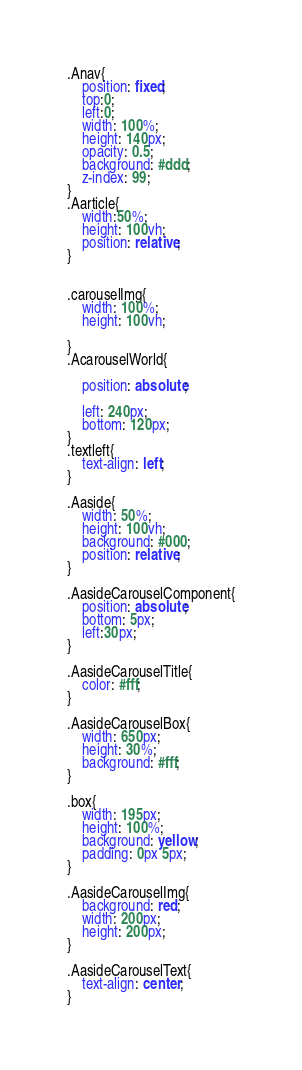<code> <loc_0><loc_0><loc_500><loc_500><_CSS_>.Anav{
    position: fixed;
    top:0;
    left:0;
    width: 100%;
    height: 140px;
    opacity: 0.5;
    background: #ddd;
    z-index: 99;
}
.Aarticle{
    width:50%;
    height: 100vh;
    position: relative;
}


.carouselImg{
    width: 100%;
    height: 100vh;
   
}
.AcarouselWorld{
   
    position: absolute;

    left: 240px;
    bottom: 120px;
}
.textleft{
    text-align: left;
}

.Aaside{
    width: 50%;
    height: 100vh;
    background: #000;
    position: relative;
}

.AasideCarouselComponent{
    position: absolute;
    bottom: 5px;
    left:30px;
}

.AasideCarouselTitle{
    color: #fff;
}

.AasideCarouselBox{
    width: 650px;
    height: 30%;
    background: #fff;
}

.box{
    width: 195px;
    height: 100%;
    background: yellow;
    padding: 0px 5px;
}

.AasideCarouselImg{
    background: red;
    width: 200px;
    height: 200px;
}

.AasideCarouselText{
    text-align: center;
}

</code>

--*--

- _What you need to do_:
How many lines of the material above hold "width"? Answer with that number alone.

- _Response_:
7